D’un côté, le gigantisme des méga-centrales, de l’autre le micro-solaire qui est beaucoup de poudre aux yeux. Une électricité à deux vitesses, celle pour les nantis et celle du pauvre. Maroc des contrastes, vantait il y a quelques années une publicité touristique !!

Conclusion

La question ne peut donc être posée seulement en termes d’énergie fossile ou non fossile, ce n’est pas une simple question technique. La privatisation du secteur et sa gestion en fonction des critères du marché ont amené à de multiples dérives, renchérissement des factures, gigantisme des projets, production renouvelable pour l’exportation et électricité fossile pour la consommation locale, et permanence d’un système profondément inégalitaire et excluant. Défossiliser la matrice énergétique, refuser la technique de la fracturation hydraulique doivent être des objectifs prioritaires, mais le système de production d’énergie ne peut être pensé indépendamment du type de société que l’on veut construire. Quel type d’énergie ? Pour qui ? Pour répondre à quels besoins ? À quel prix ?

Tant que ce sont les intérêts des banques qui priment, et avec elles ceux des actionnaires, il est illusoire de parler en termes de durabilité et de lutte contre le changement climatique. L’objectif n’est ni de protéger la planète, ni de lutter contre le réchauffement climatique, ni de satisfaire les besoins des usagers. L’objectif, c’est le profit, et les usagers ne sont intéressants que parce qu’ils paient. Le fameux fee for service ! La logique des marchés contre celle du service public.

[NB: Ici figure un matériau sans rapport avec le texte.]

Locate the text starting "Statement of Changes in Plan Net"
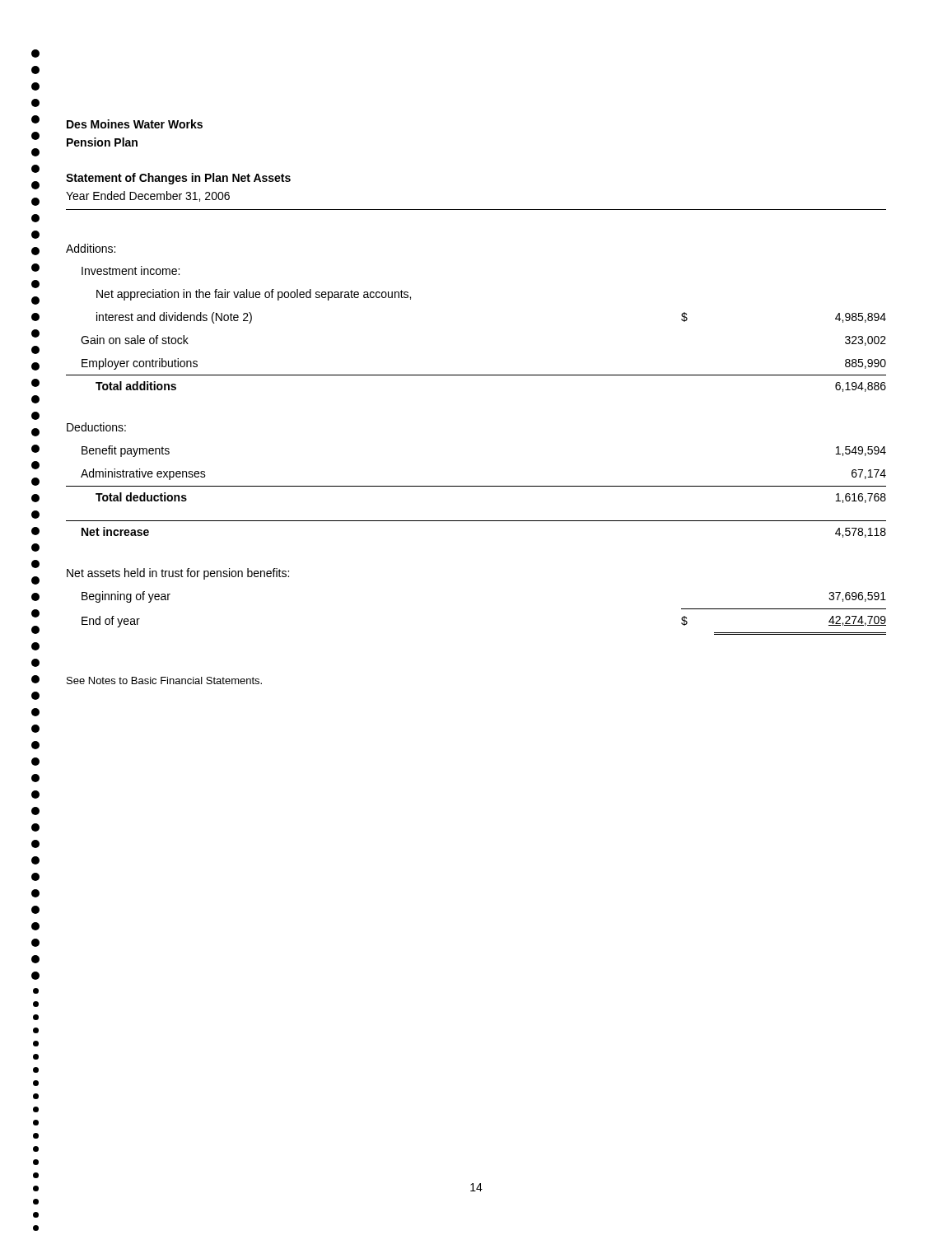click(x=178, y=179)

C’est pourquoi il est urgent d’exiger son seulement la re-nationalisation du secteur, mais sa gestion démocratique sous contrôle populaire. Afin de déterminer les quantités d’énergie nécessaires, pour quels besoins, selon quelle méthode de production et d’acheminement.

« L’énergie n’est pas qu’un concept physique, elle concentre des aspects sociaux, politiques, économiques et culturels. Elle a un lien intrinsèque avec les droits acquis qui se trouvent malmenés ou violés par le modèle extractif des hydrocarbures… Un système de production d’énergie est un système de pouvoir. L’énergie pour quoi ? Pour soutenir le modèle sociétal actuel ou comme outil pour vivre mieux ? » [5].


Notes

[1Hamza Hamouchene, La centrale solaire de Ouarzazate au Maroc : le triomphe du capitalisme « vert » et la privatisation de la nature, consultable en arabe et en français, notamment sur le site d’Attac Maroc, http://attacmaroc.org, ou en anglais, espagnol ou français sur le site du CADTM.

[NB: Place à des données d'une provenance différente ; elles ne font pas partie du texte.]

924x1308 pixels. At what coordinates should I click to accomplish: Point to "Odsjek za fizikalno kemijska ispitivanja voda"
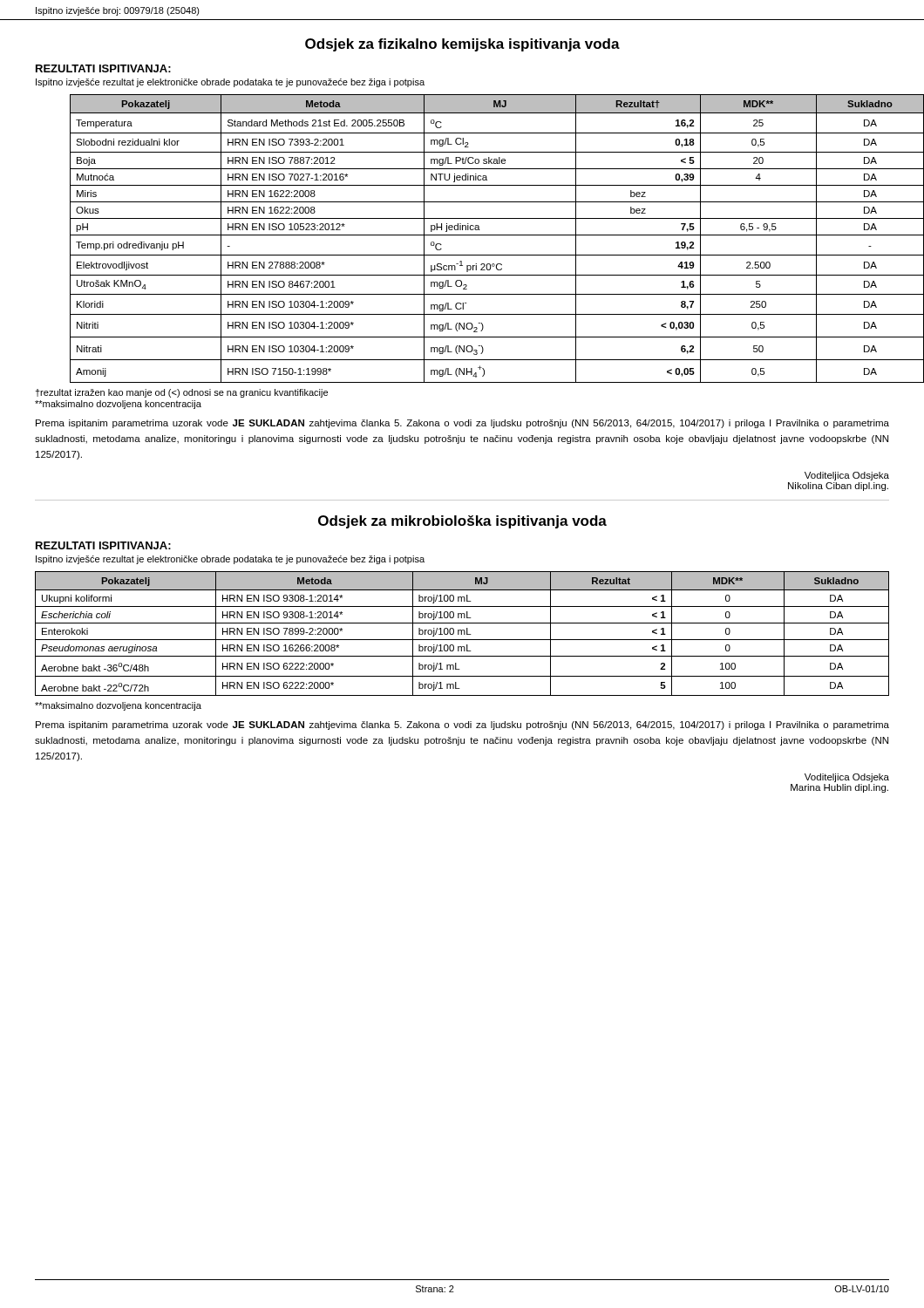tap(462, 44)

[4J’ai pu constater la même situation en rendant visite à quelques éleveurs survivants du peuple huarpe, subsistant dans des coins reculés de la province de Mendoza, dans la zone des Lagunas de Guanacache, en état d’assèchement avancé.

[5Cette conclusion est empruntée à l’ouvrage “Vaca muerta : Construcción de una estrategia. Políticas públicas ambiguas, empresas estatales corporatizadas y diversificación productiva a medida”, OPSUR, Buenos Aires.